The easiest preserve: juice the limes, add sugar, shake daily until it dissolves, done. No boiling, no fuss, just juice and sugar creating a shelf-stable concentrate you can dilute straight into the slushie machine or pour over ice and a bit of tequila or rum is quite a nice drink. It’s cleaner than anything you’d buy and takes about ten minutes of active work.

Ingredients

This assumes you have a 2 litre container, use less but keep to the proportions – this is a bit tart so makes great margaritas but for kids or use as a cordial increase the sugar to 1:1. It will be more shelf stable at a higher sugar concentration.

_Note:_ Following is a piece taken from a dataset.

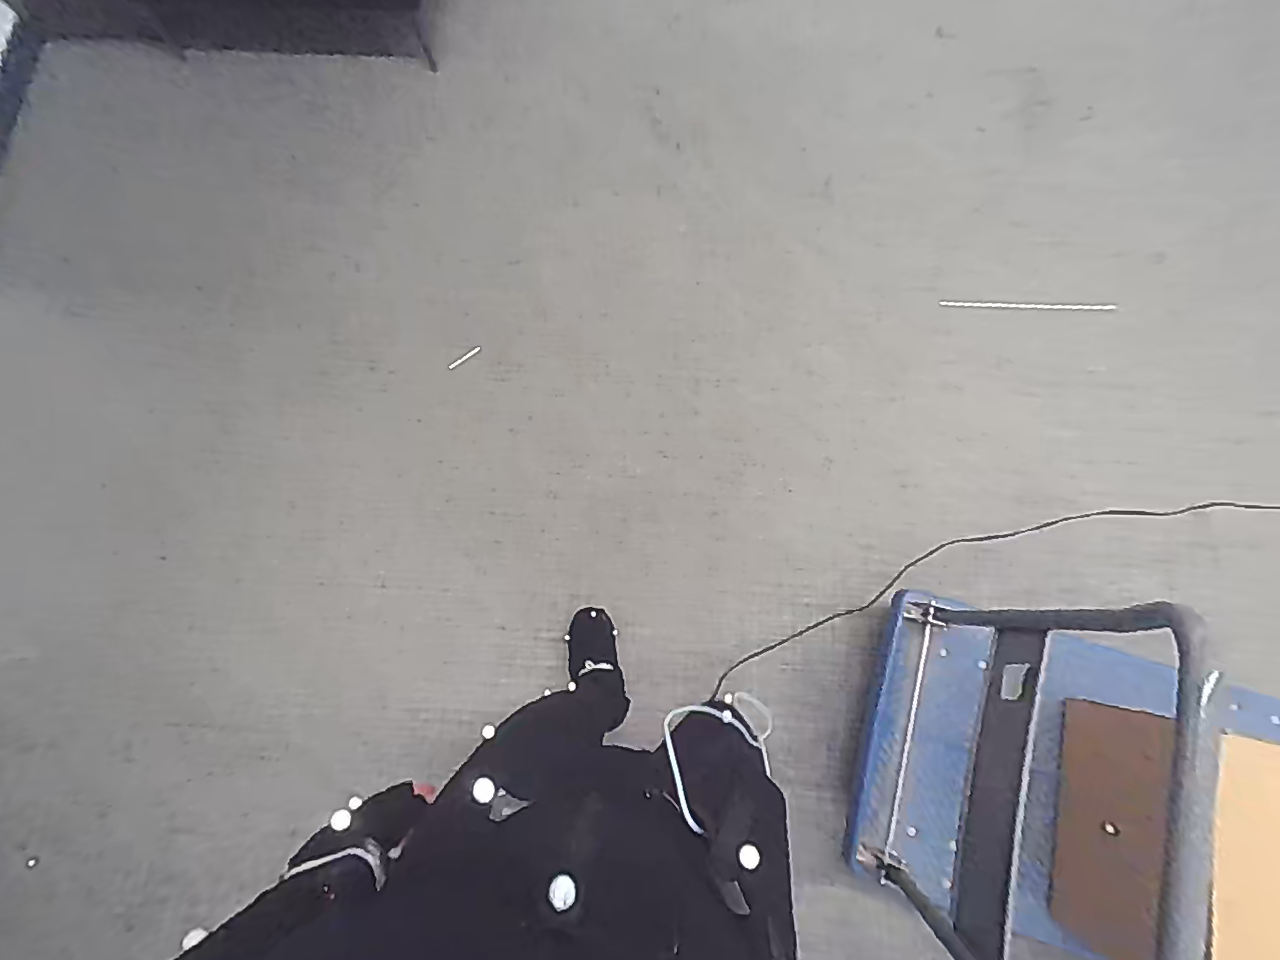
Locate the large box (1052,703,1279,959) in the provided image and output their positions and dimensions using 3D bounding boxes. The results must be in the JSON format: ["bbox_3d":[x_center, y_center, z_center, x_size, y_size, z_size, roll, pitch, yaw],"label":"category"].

  • 1100ml fresh lime juice
  • 800g white sugar

Method

  1. Pour lime juice into a clean bottle or jar.
  2. Add sugar.
  3. Seal and shake vigorously for 1–2 minutes.
  4. Leave on the bench, shake frequently on day one or once or twice daily until it is completely dissolved.
  5. Sugar will fully dissolve within 2–3 hours of total shaking time (roughly 5 vigorous shakes spread through the first day).
  6. Once dissolved, transfer to storage. Store in a cool cupboard or fridge; will keep at least 2–3 months at room temperature, longer if refrigerated.

Serving suggestions

Use half the bottle in your Ninja slushie machine, top up with water to the fill line, and freeze. You’ll get at least two full machines from one bottle. Pour straight over ice for a cordial drink, or add to sparkling water for a quick refresher. If making for kids, dissolve extra sugar into it to sweeten further—the base recipe is deliberately light on sugar so it doesn’t cloy. For a margarita just add 2 shots tequila and one of triple sec. Works really well if using the slushed mix.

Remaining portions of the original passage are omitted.